And the people most likely to benefit from the health insurance exchanges and subsidies are often least likely to be aware of them.

The survey was conducted between July and September, and released just one day before the exchanges launched.

Only 32 percent of people without health coverage during the past year are aware of the exchanges, compared to 43 percent of the insured.  Thirty-one percent of people without coverage during the year are aware of the subsidies that are available, compared to 43 percent of those insured all year.

Just under one-third (32 percent) of adults with incomes under 250 percent of the federal poverty level ($28,725 for an individual and $58,875 for a family) are aware of the subsidies, compared to 47 percent of those with higher incomes.

But the good news, Commonwealth researchers said, is that once people are made aware of the exchanges, 61 percent said they are “very” or “somewhat likely” to shop for coverage through them. That number, though, falls for young adults and adults with no health problems.

Commonwealth’s survey is nothing new, as confusion has plagued PPACA since its passage.
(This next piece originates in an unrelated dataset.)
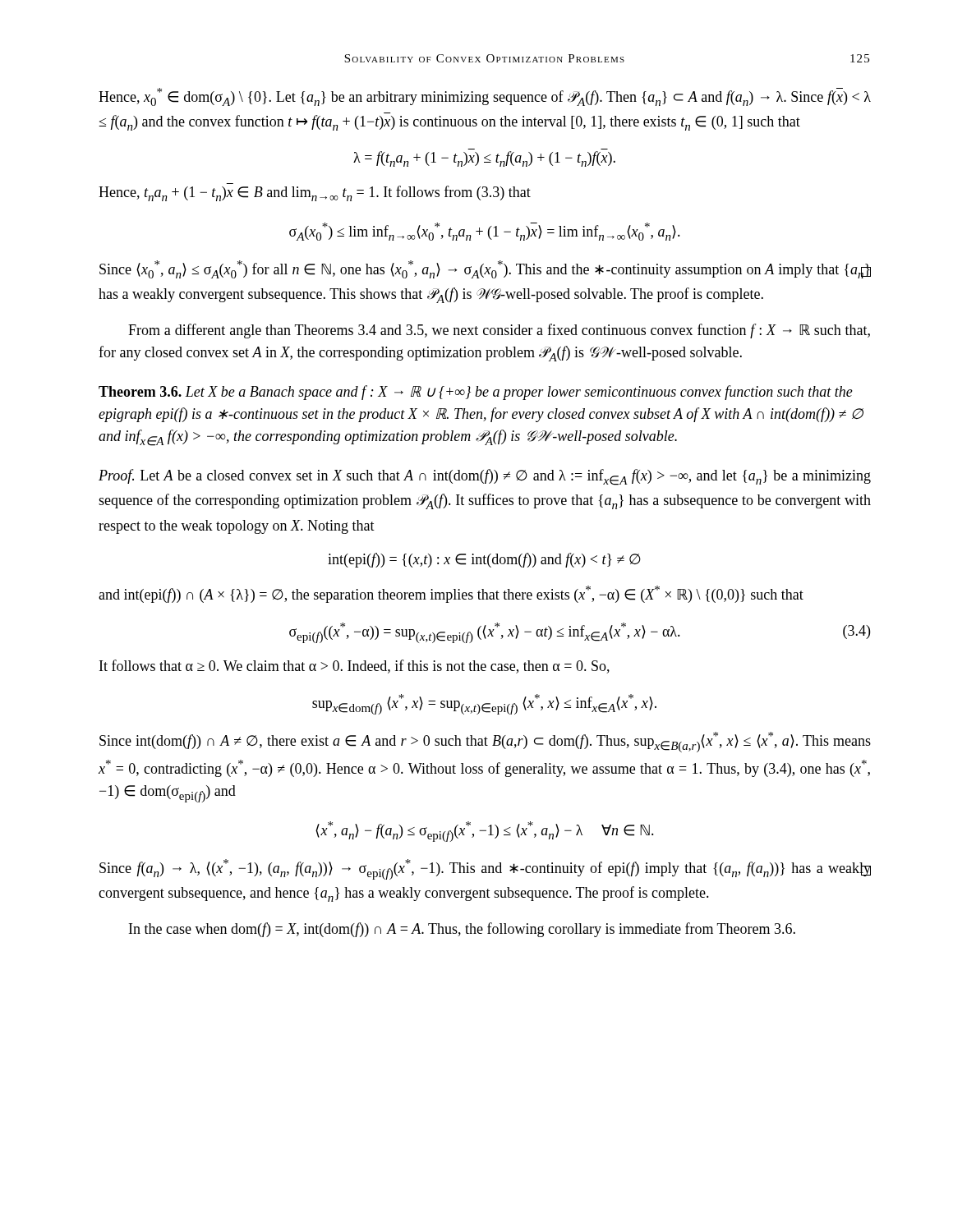Locate the text starting "It follows that α"
Viewport: 953px width, 1232px height.
click(x=354, y=666)
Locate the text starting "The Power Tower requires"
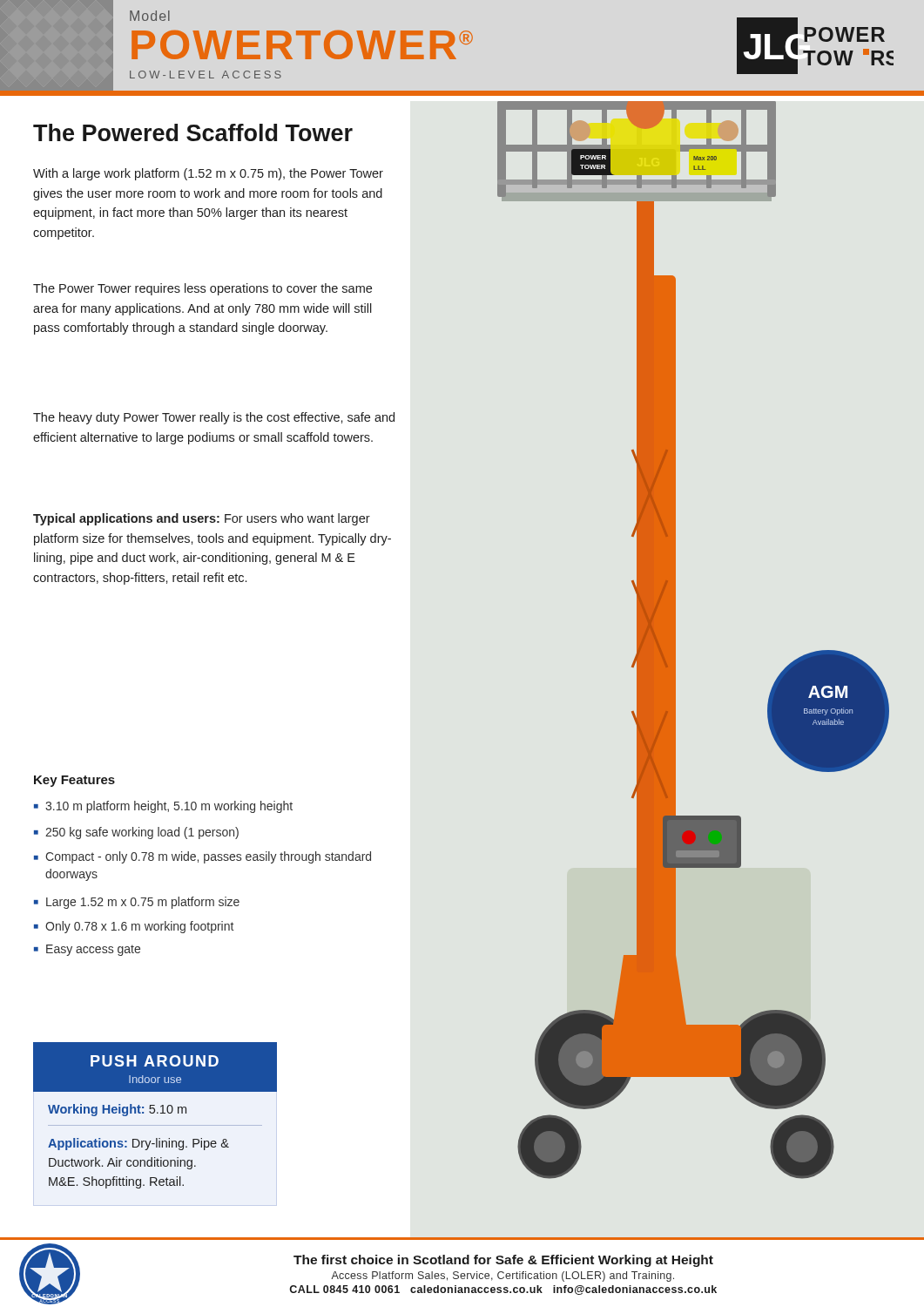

But it’s worrisome as Tuesday’s exchange launch marked a big milestone for the law.

Meanwhile, other recent polls don't bode well for the law.

Kaiser Family Foundation and NBC found that just over half are worried about the health care law, with most concerned they would pay higher health care costs as a result of the law’s main provisions.

A CNN/ORC International survey released Tuesday found that fewer than just one in five Americans say their families will be benefit from PPACA.